> [What to do]: Without any images, output the records below verbatim.

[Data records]
>>>

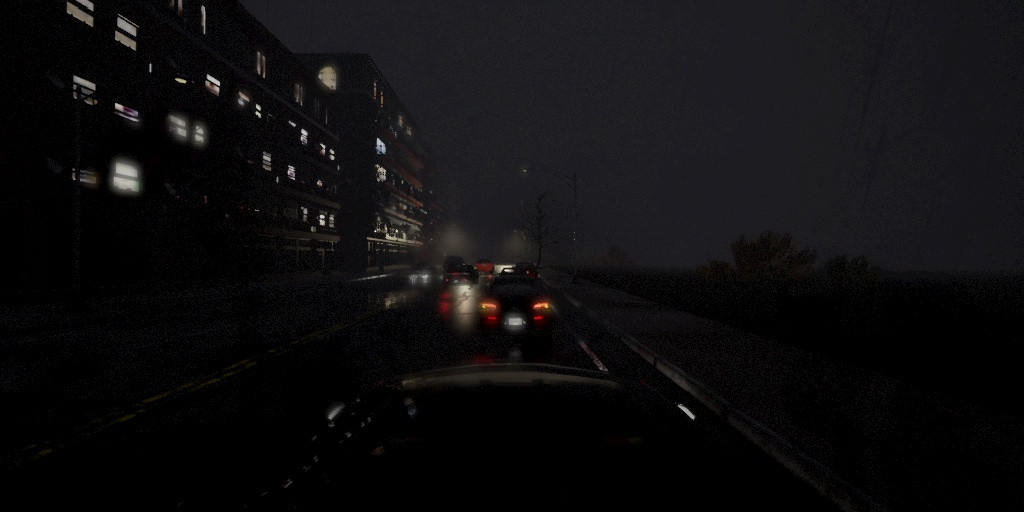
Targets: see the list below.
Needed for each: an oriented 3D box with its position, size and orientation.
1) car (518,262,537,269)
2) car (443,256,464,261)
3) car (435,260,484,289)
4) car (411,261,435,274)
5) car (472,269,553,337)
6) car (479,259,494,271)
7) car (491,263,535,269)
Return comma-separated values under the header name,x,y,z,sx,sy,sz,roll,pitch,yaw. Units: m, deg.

<<<

> [Exercise solution]:
Targets: see the list below.
Needed for each: an oriented 3D box with its position, size and orientation.
1) car (518,262,537,269)
2) car (443,256,464,261)
3) car (435,260,484,289)
4) car (411,261,435,274)
5) car (472,269,553,337)
6) car (479,259,494,271)
7) car (491,263,535,269)
Return comma-separated values under the header name,x,y,z,sx,sy,sz,roll,pitch,yaw. Units: m, deg.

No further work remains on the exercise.